地図の画面を閉じ、立ち上がってリヒトを見下ろす。ゆるりと上がる顔を見てから、上半身だけ軽く折り曲げ両手をリヒトの頬に近づけて勢いよく両頬を手で挟むと、両方から頬を押されて突き出した唇がぱくぱくした。湿った青い髪の間から見える目なんてまん丸になっている。

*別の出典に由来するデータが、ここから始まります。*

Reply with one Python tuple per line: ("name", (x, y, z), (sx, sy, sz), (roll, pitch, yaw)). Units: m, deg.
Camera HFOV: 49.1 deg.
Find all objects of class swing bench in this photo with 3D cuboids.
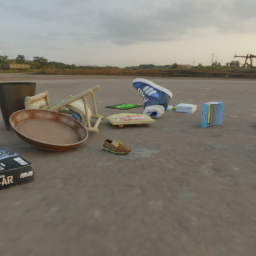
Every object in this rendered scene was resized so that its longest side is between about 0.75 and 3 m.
("swing bench", (-2.343, -0.700, 10.907), (2.464, 1.598, 2.450), (-7, 13, 2))

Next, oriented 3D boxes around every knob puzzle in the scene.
("knob puzzle", (0.007, -0.331, 12.029), (2.168, 0.301, 2.168), (0, 13, 0))

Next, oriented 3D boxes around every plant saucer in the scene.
("plant saucer", (-2.431, 0.075, 8.668), (2.356, 0.406, 2.356), (16, 21, -6))

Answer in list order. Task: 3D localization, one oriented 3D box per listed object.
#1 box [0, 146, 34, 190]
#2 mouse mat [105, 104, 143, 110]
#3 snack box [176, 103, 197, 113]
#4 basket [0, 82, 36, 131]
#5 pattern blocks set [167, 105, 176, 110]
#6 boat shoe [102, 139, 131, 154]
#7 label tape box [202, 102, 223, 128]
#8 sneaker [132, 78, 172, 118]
("box", (-3.157, 0.916, 6.233), (1.477, 0.401, 1.844), (-10, 16, -38))
("mouse mat", (-0.206, -1.305, 16.948), (1.590, 0.074, 1.975), (9, 15, 35))
("snack box", (3.186, -1.086, 15.265), (0.900, 0.361, 1.067), (7, 16, 25))
("basket", (-4.341, -0.862, 10.964), (1.623, 1.800, 1.224), (2, 13, 6))
("pattern blocks set", (2.170, -1.191, 16.245), (1.433, 0.132, 1.631), (8, 15, 31))
("boat shoe", (-0.366, 0.518, 8.108), (0.963, 0.356, 0.364), (9, 15, 34))
("label tape box", (3.351, -0.554, 11.531), (1.332, 0.954, 0.440), (-9, 16, -35))
("sneaker", (0.874, -1.347, 13.458), (2.199, 1.610, 0.886), (25, -17, 19))
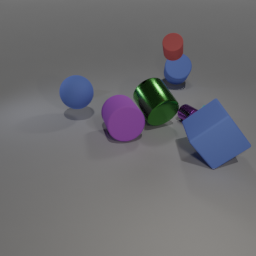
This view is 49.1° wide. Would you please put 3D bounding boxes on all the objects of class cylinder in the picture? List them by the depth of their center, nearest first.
[{"bbox_3d":[1.563,-2.806,9.717,0.700,0.700,0.700,7,-14,13],"label":"cylinder"},{"bbox_3d":[-0.219,-0.404,10.658,1.400,1.400,1.400,-7,26,-13],"label":"cylinder"},{"bbox_3d":[1.109,-1.050,11.231,1.400,1.400,1.400,-13,54,-22],"label":"cylinder"},{"bbox_3d":[2.565,-0.565,11.787,0.700,0.700,0.700,-14,31,-25],"label":"cylinder"},{"bbox_3d":[2.697,-3.213,15.375,1.400,1.400,1.400,3,-3,5],"label":"cylinder"}]

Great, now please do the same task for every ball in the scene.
[{"bbox_3d":[-2.133,-1.483,11.641,1.400,1.400,1.400,0,28,0],"label":"ball"}]

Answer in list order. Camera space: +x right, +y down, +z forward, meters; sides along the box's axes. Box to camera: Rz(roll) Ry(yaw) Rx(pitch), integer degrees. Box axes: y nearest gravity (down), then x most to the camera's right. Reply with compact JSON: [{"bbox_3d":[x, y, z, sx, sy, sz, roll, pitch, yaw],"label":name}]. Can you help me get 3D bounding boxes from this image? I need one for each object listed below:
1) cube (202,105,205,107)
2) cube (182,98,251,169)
[{"bbox_3d":[2.915,-0.297,10.732,0.700,0.700,0.700,35,58,8],"label":"cube"},{"bbox_3d":[2.820,0.175,9.116,1.400,1.400,1.400,-36,22,18],"label":"cube"}]
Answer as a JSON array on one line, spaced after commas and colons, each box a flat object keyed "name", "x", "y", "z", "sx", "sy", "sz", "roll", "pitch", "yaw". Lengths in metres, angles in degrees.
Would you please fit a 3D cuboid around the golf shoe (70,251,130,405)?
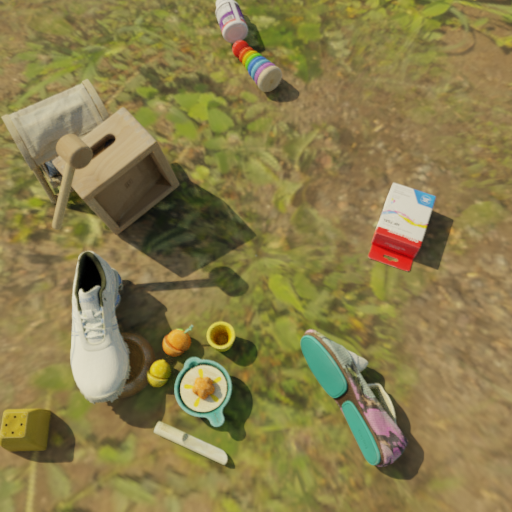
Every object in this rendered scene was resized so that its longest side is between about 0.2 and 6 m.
[{"name": "golf shoe", "x": -2.817, "y": 1.150, "z": 9.564, "sx": 1.039, "sy": 1.290, "sz": 2.654, "roll": -12, "pitch": 60, "yaw": -5}]

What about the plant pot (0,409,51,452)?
[{"name": "plant pot", "x": -3.884, "y": 2.846, "z": 9.288, "sx": 0.668, "sy": 0.687, "sz": 0.672, "roll": -2, "pitch": 64, "yaw": -1}]

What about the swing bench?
[{"name": "swing bench", "x": -3.690, "y": -2.231, "z": 11.057, "sx": 1.754, "sy": 1.764, "sz": 1.144, "roll": -29, "pitch": 69, "yaw": -13}]

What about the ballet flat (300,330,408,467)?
[{"name": "ballet flat", "x": 1.704, "y": 2.291, "z": 9.554, "sx": 0.896, "sy": 0.871, "sz": 2.519, "roll": -22, "pitch": 71, "yaw": -30}]

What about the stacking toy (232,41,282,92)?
[{"name": "stacking toy", "x": -0.062, "y": -4.387, "z": 12.772, "sx": 0.625, "sy": 0.625, "sz": 1.464, "roll": -32, "pitch": 62, "yaw": -14}]

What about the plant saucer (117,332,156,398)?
[{"name": "plant saucer", "x": -2.401, "y": 1.909, "z": 9.986, "sx": 1.197, "sy": 0.212, "sz": 1.197, "roll": 0, "pitch": 65, "yaw": 0}]

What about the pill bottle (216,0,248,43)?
[{"name": "pill bottle", "x": -0.614, "y": -5.638, "z": 13.273, "sx": 0.607, "sy": 0.607, "sz": 1.090, "roll": -14, "pitch": 64, "yaw": -6}]

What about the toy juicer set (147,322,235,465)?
[{"name": "toy juicer set", "x": -1.168, "y": 2.271, "z": 9.579, "sx": 1.507, "sy": 0.645, "sz": 2.369, "roll": 2, "pitch": 66, "yaw": 1}]

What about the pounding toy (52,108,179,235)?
[{"name": "pounding toy", "x": -2.975, "y": -1.568, "z": 10.172, "sx": 2.357, "sy": 2.683, "sz": 1.227, "roll": -40, "pitch": 69, "yaw": -8}]

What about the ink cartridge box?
[{"name": "ink cartridge box", "x": 2.842, "y": -0.567, "z": 10.965, "sx": 0.892, "sy": 0.516, "sz": 1.536, "roll": 19, "pitch": 67, "yaw": 9}]
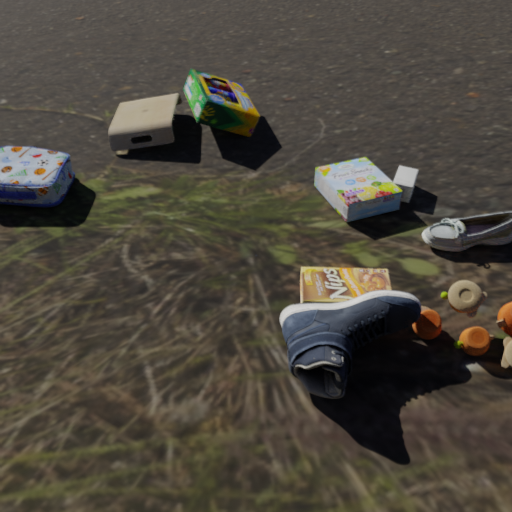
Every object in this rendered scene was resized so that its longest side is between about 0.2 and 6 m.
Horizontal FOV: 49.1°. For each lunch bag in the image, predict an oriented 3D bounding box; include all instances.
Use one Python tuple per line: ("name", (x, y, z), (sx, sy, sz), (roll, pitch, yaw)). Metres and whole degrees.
("lunch bag", (-5.356, -1.778, 12.860), (2.070, 0.782, 1.658), (3, 44, 2))

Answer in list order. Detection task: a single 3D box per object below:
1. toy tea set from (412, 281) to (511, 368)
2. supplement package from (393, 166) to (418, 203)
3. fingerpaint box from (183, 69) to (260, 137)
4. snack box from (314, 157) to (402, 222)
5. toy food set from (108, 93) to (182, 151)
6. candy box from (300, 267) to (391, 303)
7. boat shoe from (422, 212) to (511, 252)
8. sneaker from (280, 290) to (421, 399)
("toy tea set", (3.828, 1.197, 9.689), (2.217, 0.820, 1.318), (18, 74, 15))
("supplement package", (3.418, -1.662, 12.946), (0.461, 0.460, 0.786), (15, 44, 16))
("fingerpaint box", (-0.961, -4.151, 15.106), (1.593, 0.700, 1.909), (9, 38, -28))
("snack box", (2.277, -1.541, 12.732), (1.370, 0.550, 1.625), (-15, 41, -17))
("toy food set", (-2.915, -3.588, 15.089), (1.662, 0.700, 2.316), (-8, 38, 5))
("candy box", (1.636, 0.678, 10.287), (1.637, 0.453, 0.945), (2, 40, 2))
("boat shoe", (4.414, -0.559, 11.558), (1.976, 0.634, 0.728), (-3, 42, -4))
("sneaker", (1.629, 1.417, 8.978), (2.387, 0.907, 1.725), (-10, 31, 4))
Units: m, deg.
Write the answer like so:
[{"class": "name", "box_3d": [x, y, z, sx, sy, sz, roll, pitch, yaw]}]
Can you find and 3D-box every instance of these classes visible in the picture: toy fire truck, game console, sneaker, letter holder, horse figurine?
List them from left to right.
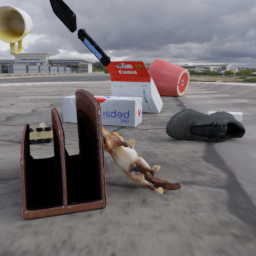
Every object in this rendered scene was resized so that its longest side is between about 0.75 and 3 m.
[{"class": "toy fire truck", "box_3d": [-2.587, 0.126, 8.072, 0.787, 0.576, 0.895, -5, 1, -19]}, {"class": "letter holder", "box_3d": [-1.213, 0.184, 4.837, 1.175, 1.660, 2.336, -4, 13, -17]}, {"class": "game console", "box_3d": [-1.691, -3.438, 10.213, 0.355, 2.945, 1.737, -44, 10, -2]}, {"class": "horse figurine", "box_3d": [0.036, 0.494, 4.641, 0.455, 1.825, 1.209, -48, 13, -13]}, {"class": "sneaker", "box_3d": [2.255, -0.032, 8.032, 2.347, 0.891, 1.065, -6, 21, -11]}]

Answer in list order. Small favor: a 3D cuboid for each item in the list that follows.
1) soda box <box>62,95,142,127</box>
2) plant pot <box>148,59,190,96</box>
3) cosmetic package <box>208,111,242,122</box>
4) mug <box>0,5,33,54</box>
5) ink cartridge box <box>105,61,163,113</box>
[{"class": "soda box", "box_3d": [-0.985, -0.688, 10.650, 2.966, 1.012, 0.941, 5, 13, 18]}, {"class": "plant pot", "box_3d": [3.176, -3.744, 21.712, 2.540, 2.870, 2.870, 20, 21, 32]}, {"class": "cosmetic package", "box_3d": [3.916, -0.479, 11.316, 1.309, 0.331, 0.540, 5, 13, 21]}, {"class": "mug", "box_3d": [-3.538, -3.107, 8.643, 1.050, 1.312, 1.077, 35, 19, -13]}, {"class": "ink cartridge box", "box_3d": [0.136, -1.824, 12.780, 2.230, 2.786, 0.659, 8, 59, 33]}]
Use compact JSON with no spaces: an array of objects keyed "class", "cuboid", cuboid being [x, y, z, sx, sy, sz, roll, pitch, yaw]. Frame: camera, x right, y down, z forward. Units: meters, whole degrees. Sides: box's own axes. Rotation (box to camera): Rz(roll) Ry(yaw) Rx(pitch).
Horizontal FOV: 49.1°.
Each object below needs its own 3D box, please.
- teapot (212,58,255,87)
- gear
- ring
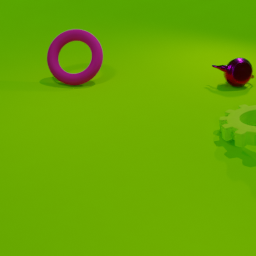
[{"class":"teapot","cuboid":[3.556,-1.869,9.315,1.531,0.952,0.750,12,12,-14]},{"class":"gear","cuboid":[3.190,-0.101,6.686,1.882,0.348,1.882,-11,24,5]},{"class":"ring","cuboid":[-1.794,-2.395,9.458,1.934,1.934,0.387,4,-6,6]}]
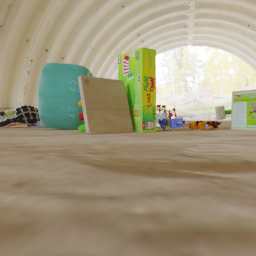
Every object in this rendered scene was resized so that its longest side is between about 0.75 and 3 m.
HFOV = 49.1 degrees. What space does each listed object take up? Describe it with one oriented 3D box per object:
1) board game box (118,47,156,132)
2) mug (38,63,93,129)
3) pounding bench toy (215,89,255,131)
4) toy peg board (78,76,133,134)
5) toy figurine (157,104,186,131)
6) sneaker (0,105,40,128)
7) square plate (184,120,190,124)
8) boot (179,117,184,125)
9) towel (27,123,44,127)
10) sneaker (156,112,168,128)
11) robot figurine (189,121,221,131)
[{"bbox_3d":[0.239,-1.008,7.833,0.526,2.208,1.122,-1,3,-36],"label":"board game box"},{"bbox_3d":[-1.873,-1.231,9.409,1.610,2.604,2.139,4,-27,-1],"label":"mug"},{"bbox_3d":[4.038,-0.554,9.059,1.534,1.221,1.966,-1,2,-34],"label":"pounding bench toy"},{"bbox_3d":[-0.712,-0.502,7.194,1.412,1.406,0.691,-2,-13,-44],"label":"toy peg board"},{"bbox_3d":[1.191,-0.275,8.295,1.523,0.804,0.913,-3,8,-35],"label":"toy figurine"},{"bbox_3d":[-4.489,-0.424,11.103,2.035,0.784,0.864,-9,-2,-36],"label":"sneaker"},{"bbox_3d":[1.919,-0.309,15.096,2.130,0.303,2.110,-1,3,-14],"label":"square plate"},{"bbox_3d":[3.020,-0.424,16.220,0.325,0.465,0.867,-2,1,-11],"label":"boot"},{"bbox_3d":[-3.386,-0.085,11.588,1.368,0.163,0.990,4,2,35],"label":"towel"},{"bbox_3d":[0.868,-0.392,11.321,1.605,0.738,0.608,0,1,15],"label":"sneaker"},{"bbox_3d":[2.427,-0.080,8.784,1.023,0.298,0.741,-2,3,-36],"label":"robot figurine"}]
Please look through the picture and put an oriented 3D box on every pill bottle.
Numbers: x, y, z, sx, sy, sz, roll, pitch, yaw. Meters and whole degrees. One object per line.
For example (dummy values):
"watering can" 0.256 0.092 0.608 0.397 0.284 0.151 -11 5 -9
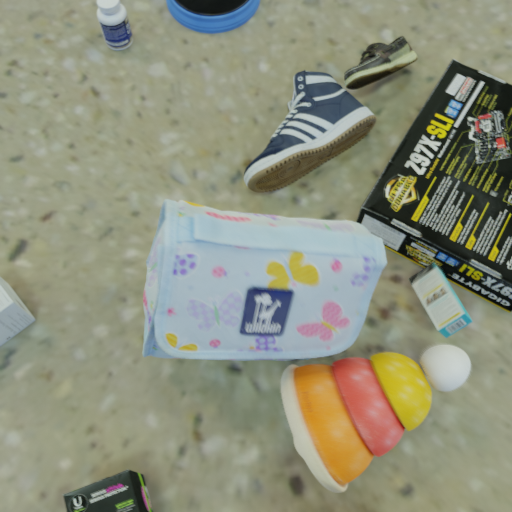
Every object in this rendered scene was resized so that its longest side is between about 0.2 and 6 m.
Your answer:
"pill bottle" -2.570 -4.235 10.120 0.519 0.934 0.519 0 66 0

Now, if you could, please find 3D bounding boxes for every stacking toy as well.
"stacking toy" 1.549 1.733 6.795 2.218 1.621 1.621 -26 67 11

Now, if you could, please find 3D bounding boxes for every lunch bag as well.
"lunch bag" -0.118 0.390 6.741 2.404 2.835 1.803 5 68 -15

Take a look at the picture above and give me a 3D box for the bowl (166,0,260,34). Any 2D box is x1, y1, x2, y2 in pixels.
"bowl" -0.840 -5.123 10.830 1.840 0.361 1.840 0 66 0

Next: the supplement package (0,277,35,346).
"supplement package" -4.070 0.971 7.873 1.461 0.831 0.800 -39 70 -15

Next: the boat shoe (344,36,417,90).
"boat shoe" 2.051 -3.330 9.586 1.807 0.662 0.586 -31 96 -38

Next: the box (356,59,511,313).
"box" 3.559 -1.226 8.857 2.727 0.843 3.416 28 69 14

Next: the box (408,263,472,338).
"box" 2.500 0.592 7.659 0.428 0.256 1.040 -37 36 19

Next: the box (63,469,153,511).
"box" -1.649 3.385 6.718 0.828 0.989 1.331 -18 67 -8

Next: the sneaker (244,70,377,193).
"sneaker" 0.599 -2.096 9.176 2.553 0.895 1.385 -31 74 -20
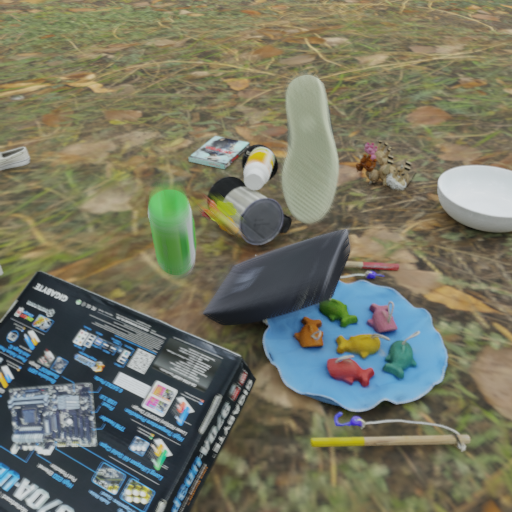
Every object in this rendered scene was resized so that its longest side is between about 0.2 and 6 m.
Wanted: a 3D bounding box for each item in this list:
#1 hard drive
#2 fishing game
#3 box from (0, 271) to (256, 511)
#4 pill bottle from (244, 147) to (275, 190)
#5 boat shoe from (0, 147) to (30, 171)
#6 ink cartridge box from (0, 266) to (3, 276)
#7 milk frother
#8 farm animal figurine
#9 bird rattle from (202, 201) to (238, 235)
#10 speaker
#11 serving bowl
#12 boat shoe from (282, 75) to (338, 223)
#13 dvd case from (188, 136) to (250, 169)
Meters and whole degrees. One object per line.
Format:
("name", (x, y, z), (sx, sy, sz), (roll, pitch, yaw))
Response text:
("hard drive", (0.401, 0.425, 9.648), (2.471, 0.523, 1.667), (-18, 25, 33))
("fishing game", (1.652, 1.262, 9.550), (3.212, 0.697, 4.485), (3, 36, 0))
("box", (-2.267, 2.057, 7.359), (3.667, 0.844, 2.915), (18, 65, 24))
("pill bottle", (0.044, -1.833, 11.893), (0.552, 0.552, 0.994), (7, 41, 10))
("boat shoe", (-6.826, -2.561, 14.883), (1.494, 0.491, 0.538), (-15, 39, -20))
("ink cartridge box", (-5.542, 0.320, 10.747), (0.987, 0.409, 0.725), (-3, 20, 15))
("milk frother", (0.000, -1.368, 12.051), (1.590, 1.762, 1.657), (-8, 26, -29))
("farm animal figurine", (3.236, -2.169, 14.187), (1.542, 0.813, 1.560), (31, 38, 19))
("bird rattle", (-0.610, -0.613, 9.694), (0.456, 0.659, 0.809), (-46, 14, -19))
("speaker", (-1.302, -0.332, 8.770), (0.670, 1.514, 0.670), (1, 55, -1))
("serving bowl", (5.291, -1.202, 12.796), (2.331, 0.767, 2.331), (-1, 36, 0))
("boat shoe", (1.195, -2.267, 12.195), (1.214, 1.013, 3.255), (-5, 77, 16))
("dvd case", (-1.008, -2.898, 15.621), (1.137, 0.171, 1.557), (16, 40, 20))
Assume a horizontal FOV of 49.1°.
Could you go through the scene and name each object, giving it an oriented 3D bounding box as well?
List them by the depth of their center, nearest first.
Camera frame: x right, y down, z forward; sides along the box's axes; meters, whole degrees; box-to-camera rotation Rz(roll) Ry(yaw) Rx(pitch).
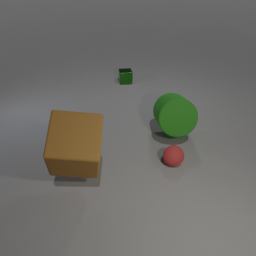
[{"bbox_3d":[-1.453,0.486,7.788,1.400,1.400,1.400,5,62,-6],"label":"cube"},{"bbox_3d":[1.507,0.915,9.256,0.700,0.700,0.700,0,31,0],"label":"ball"},{"bbox_3d":[1.719,-0.516,10.391,1.400,1.400,1.400,-2,16,-3],"label":"cylinder"},{"bbox_3d":[-0.138,-2.851,15.487,0.700,0.700,0.700,-4,31,-7],"label":"cube"}]
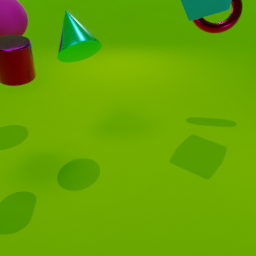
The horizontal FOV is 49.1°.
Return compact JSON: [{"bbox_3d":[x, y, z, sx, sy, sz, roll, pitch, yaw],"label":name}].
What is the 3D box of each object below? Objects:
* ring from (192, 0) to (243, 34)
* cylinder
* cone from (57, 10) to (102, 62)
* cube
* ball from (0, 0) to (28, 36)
[{"bbox_3d":[2.782,-3.808,8.890,1.635,1.635,0.327,5,-3,8],"label":"ring"},{"bbox_3d":[-2.321,-1.374,5.686,0.778,0.778,0.778,3,39,-2],"label":"cylinder"},{"bbox_3d":[-1.336,-2.343,6.783,1.108,1.112,1.108,-19,-4,-1],"label":"cone"},{"bbox_3d":[2.032,-3.707,7.313,1.105,1.105,1.105,-3,50,36],"label":"cube"},{"bbox_3d":[-3.562,-3.182,8.145,1.237,1.237,1.237,0,31,0],"label":"ball"}]
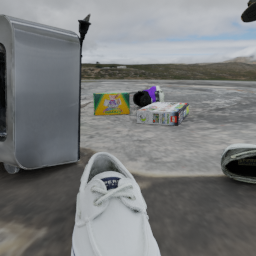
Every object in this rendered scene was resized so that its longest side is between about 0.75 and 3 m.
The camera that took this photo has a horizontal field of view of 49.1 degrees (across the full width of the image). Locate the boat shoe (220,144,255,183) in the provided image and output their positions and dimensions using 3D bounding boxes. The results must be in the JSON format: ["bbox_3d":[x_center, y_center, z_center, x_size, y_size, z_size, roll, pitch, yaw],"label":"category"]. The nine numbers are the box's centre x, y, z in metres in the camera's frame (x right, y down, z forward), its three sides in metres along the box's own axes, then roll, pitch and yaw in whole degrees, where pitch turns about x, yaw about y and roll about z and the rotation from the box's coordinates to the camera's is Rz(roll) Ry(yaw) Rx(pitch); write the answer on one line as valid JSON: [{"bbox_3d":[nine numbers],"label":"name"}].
[{"bbox_3d":[2.461,0.590,4.198,2.046,0.723,0.651,-4,9,20],"label":"boat shoe"}]

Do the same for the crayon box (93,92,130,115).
[{"bbox_3d":[-0.652,-0.961,11.062,1.413,0.839,0.412,-3,12,-13],"label":"crayon box"}]

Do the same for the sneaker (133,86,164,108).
[{"bbox_3d":[0.886,-1.473,13.227,1.349,0.943,2.713,-1,12,-2],"label":"sneaker"}]

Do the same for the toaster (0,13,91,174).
[{"bbox_3d":[-2.209,-0.720,5.189,2.575,2.848,1.690,8,10,28],"label":"toaster"}]

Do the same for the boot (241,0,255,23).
[{"bbox_3d":[3.720,-3.582,8.375,1.308,0.506,0.904,-33,26,-5],"label":"boot"}]

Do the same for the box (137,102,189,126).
[{"bbox_3d":[1.346,-0.568,10.132,1.405,0.443,2.553,4,13,19],"label":"box"}]

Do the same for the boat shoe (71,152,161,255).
[{"bbox_3d":[-0.218,0.818,2.878,0.817,0.726,2.221,-3,12,-15],"label":"boat shoe"}]
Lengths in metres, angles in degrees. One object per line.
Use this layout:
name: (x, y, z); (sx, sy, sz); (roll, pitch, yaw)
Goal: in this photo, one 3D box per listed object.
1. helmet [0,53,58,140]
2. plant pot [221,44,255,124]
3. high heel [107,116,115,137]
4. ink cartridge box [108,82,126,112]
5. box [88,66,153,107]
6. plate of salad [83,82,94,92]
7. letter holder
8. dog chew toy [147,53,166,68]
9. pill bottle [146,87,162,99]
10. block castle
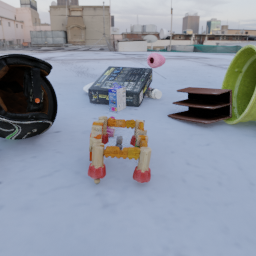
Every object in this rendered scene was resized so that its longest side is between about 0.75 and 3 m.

「リヒト、村にも行くぞ。マハトさんたちだけでもいいから会いに行こう」
「…………行かなきゃダメ?」
「ダメ。それこそ首輪つけて引っ張ってでも連れてくからな」
「…………嫌だなあ、……」
「こっち見ても変わらないぞ」
「……、……分かった、行くよ」

しっかり聞いたからな。あからさまに表情を崩して頷くリヒトを満足しながら見てから手を離すと、今度はリヒトがふらりと立ち上がって洗面所に向かって歩き出す。尻尾は垂れ下がったまんまだし、一歩一歩が見て分かるほどに重たいが、どうやら髪を乾かす気力はまだあるらしい。

「……ねえ、アヤト」

声に気付いてソファに座ったまま振り返ると、洗面所へ向かったリヒトがひょっこり顔だけ覗かせている。

「どうしたんだよ?」
「お願いだからアヤトも絶対いてね。おれと父さんの二人きりにしないで!お願いだよ!?」

それだけいうと顔を引っ込めて、今度こそちゃんと髪を乾かし始めたらしくドライヤーの音が聞こえてきた。……俺はというと、すでに頭の中でどうやってリヒトとマハトさんを二人きりにしようかと考え始めている。
いや、今のはどう考えてもネタふりとしか思えない。押すなよ押すなよ、のあれと一緒じゃないか。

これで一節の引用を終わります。